►

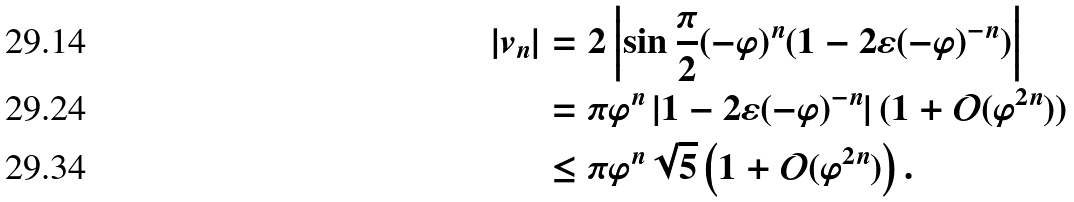Convert formula to latex. <formula><loc_0><loc_0><loc_500><loc_500>| v _ { n } | & = 2 \left | \sin \frac { \pi } { 2 } ( - \varphi ) ^ { n } ( 1 - 2 \varepsilon ( - \varphi ) ^ { - n } ) \right | \\ & = \pi \varphi ^ { n } \, | 1 - 2 \varepsilon ( - \varphi ) ^ { - n } | \, ( 1 + \mathcal { O } ( \varphi ^ { 2 n } ) ) \\ & \leq \pi \varphi ^ { n } \sqrt { 5 } \left ( 1 + \mathcal { O } ( \varphi ^ { 2 n } ) \right ) .</formula> 
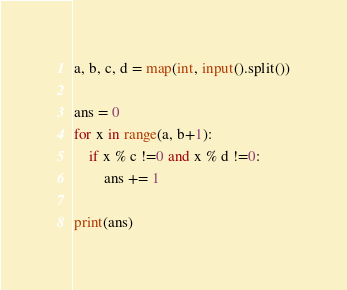Convert code to text. <code><loc_0><loc_0><loc_500><loc_500><_Python_>a, b, c, d = map(int, input().split())

ans = 0
for x in range(a, b+1):
    if x % c !=0 and x % d !=0:
        ans += 1

print(ans)
</code> 
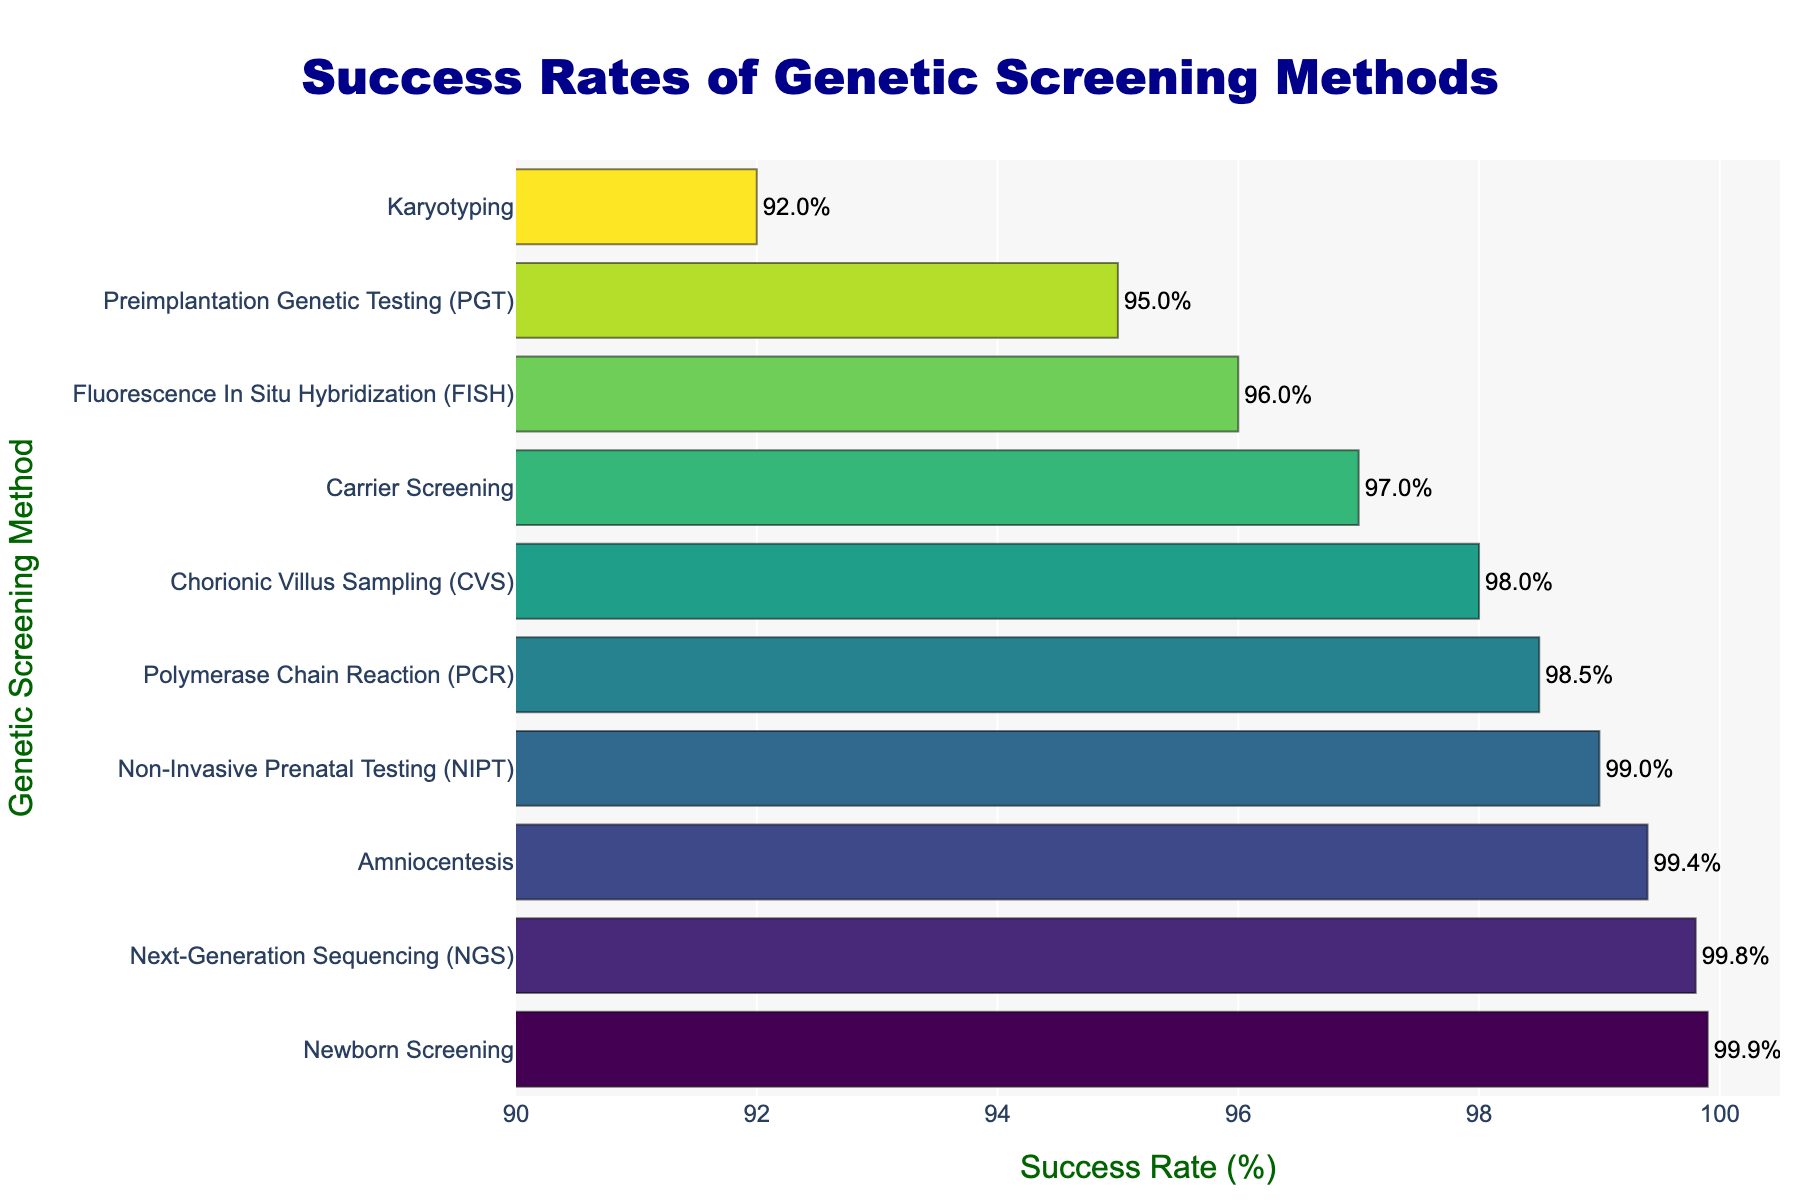Which genetic screening method has the highest success rate? The bar with the highest length/rightmost end on the plot represents the method with the highest success rate.
Answer: Newborn Screening Which screening methods have a success rate greater than 99%? Identify all bars extending beyond the 99% mark on the horizontal axis.
Answer: Newborn Screening, Next-Generation Sequencing (NGS), Amniocentesis, Non-Invasive Prenatal Testing (NIPT) What is the difference in success rates between Karyotyping and PCR? Locate the bars for Karyotyping and PCR, note their success rates, and subtract the smaller from the larger. Karyotyping has 92% and PCR has 98.5%. The difference is 98.5% - 92%.
Answer: 6.5% Which method is more successful, Carrier Screening or Preimplantation Genetic Testing (PGT)? Compare the lengths of the bars for Carrier Screening and PGT. Carrier Screening has 97%, whereas PGT has 95%.
Answer: Carrier Screening What is the average success rate of the top 3 methods? Identify the success rates of the top 3 methods, sum them up, and divide by 3. The top 3 are Newborn Screening (99.9%), Next-Generation Sequencing (NGS) (99.8%), and Amniocentesis (99.4%). The sum is 99.9 + 99.8 + 99.4 = 299.1, and the average is 299.1 / 3.
Answer: 99.7% Which method has the least success rate? Locate the bar that is the shortest or farthest to the left on the plot.
Answer: Karyotyping How much higher is the success rate of Amniocentesis compared to Chorionic Villus Sampling (CVS)? Determine the success rates of both methods and calculate the difference. Amniocentesis has 99.4% and CVS has 98%. The difference is 99.4% - 98%.
Answer: 1.4% Rank the methods from highest to lowest success rates. Order the methods according to the lengths of their bars from the longest (rightmost) to the shortest (leftmost).
Answer: Newborn Screening, Next-Generation Sequencing (NGS), Amniocentesis, Non-Invasive Prenatal Testing (NIPT), Polymerase Chain Reaction (PCR), Chorionic Villus Sampling (CVS), Carrier Screening, Fluorescence In Situ Hybridization (FISH), Preimplantation Genetic Testing (PGT), Karyotyping

◄

Task: List all lines above in which the string "shortest" appears.

Exercise result:
Answer: 99.7% Which method has the least success rate? Locate the bar that is the shortest or farthest to the left on the plot.
Answer: 1.4% Rank the methods from highest to lowest success rates. Order the methods according to the lengths of their bars from the longest (rightmost) to the shortest (leftmost).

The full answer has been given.